Other issues with your read. There is no reason to store the number of characters per-line in the lengths array (unless you have a jagged array). In a normal square/rectangular board representation, all rows will have an equal number of elements. What you need to know is the number of characters in each row and you need to validate your read against that fixed number per-row.

In addition, what if you are reading a board file that doesn't include a '\n' at the end of the last line (called a non-POSIX end-of-line/end-of-file). You can protect against this condition by a simple check of whether the last character read was in fact a '\n' or not. If it wasn't, then you need to increment your row-index by 1 or you will be missing data. (which means you need to save the last char read for the comparison)
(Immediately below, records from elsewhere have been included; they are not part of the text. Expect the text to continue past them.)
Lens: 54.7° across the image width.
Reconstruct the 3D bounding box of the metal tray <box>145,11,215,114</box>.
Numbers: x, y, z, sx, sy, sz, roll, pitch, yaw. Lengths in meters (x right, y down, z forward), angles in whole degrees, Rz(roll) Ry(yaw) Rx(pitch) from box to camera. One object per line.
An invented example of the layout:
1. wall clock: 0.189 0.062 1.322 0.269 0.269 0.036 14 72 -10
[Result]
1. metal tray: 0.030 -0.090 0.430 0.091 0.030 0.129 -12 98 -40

Below is a short example of one approach to reading an unknown number of rows/cols up to a fixed length into your lengths array. I use fp for your infile and rows x cols and ncol for the indexes and per-row character comparison. I also declare a constant NDATA instead of using a magic number like 10000 in the code. (that makes adjusting the size a simple change) The code simply reads from the filename given as the first argument to the program (or from stdin by default if no filename is given) Give the following a try:

#include <stdio.h>

enum { NDATA = 1000 };

int main (int argc, char **argv) {

    char lengths[NDATA] = "", last = 0; /* initialize all variables */
    int current_char = 0,   /* must be int to indicate EOF (-1) */
        rows = 0,           /* row index */
        cols = 0,           /* col index */
        ncol = 0,           /* num cols per-row, must be equal for each row */
        ndx = 0;            /* lengths index */
    FILE *fp = argc > 1 ? fopen (argv[1], "r") : stdin;

    if (!fp) {  /* validate file open */
        fprintf (stderr, "fileio() error: file open failed '%s'\n", argv[1]);
        return 0;
    }

    while ((current_char = fgetc (fp)) != EOF) { /* read each char until EOF */

        if (current_char == '\n') { /* if end of line encountered on read */

            if (!ncol)                  /* is ncols set?, if not */
                ncol = cols;            /* set it */
            else if (cols != ncol) {    /* otherwise, if not correct - error */
                fprintf (stderr, "error: unequal number of cols at row '%d'\n",
                        rows);
                return 1;
            }
            cols = 0;   /* reset column index  */
            rows++;     /* increment row index */
        }
        else {  /* normal char, add to lengths, increment index */
            lengths[ndx++] = current_char;
            cols++;
        }
        last = current_char;
        if (ndx == NDATA) { /* verify you don't exceed storage */
            fprintf (stderr, "warning: lengths array is full.\n");
            break;
        }
    }
    if (fp != stdin) fclose (fp);   /* close file */

    /* protect against non-POSIX end-of-line on last line in file */
    if (last != '\n') {
        if (!ncol)                  /* is ncols set?, if not */
            ncol = cols;            /* set it */
        else if (cols != ncol) {    /* otherwise, if not correct - error */
            fprintf (stderr, "error: unequal number of cols at row *'%d'\n",
                    rows);
            return 1;
        }
        cols = 0;   /* reset column index  */
        rows++;     /* increment row index */
    }

    printf ("board: %d x %d\n\n", rows, ncol);
    for (int i = 0; i < ndx; i++) {
        if (i && i % ncol == 0)
            putchar ('\n');
        printf (" %c", lengths[i]);
    }
    putchar ('\n');

    return 0;
}

Example Board Input File

$ cat dat/board.txt
01234
56789
abcde
fghij

Example Use/Output

$ ./bin/boardread <dat/board_neol.txt
board: 4 x 5

 0 1 2 3 4
 5 6 7 8 9
 a b c d e
 f g h i j

Look over how the read is performed, and how the validations are done. When you are done looking at the character-oriented read with fgetc, think about how much simpler the whole read could be using line-oriented input with fgets to read each line, then followed by a simple call to strlen to validate the length (taking into account the '\n' include by fgets in the read. Let me know if you have any questions.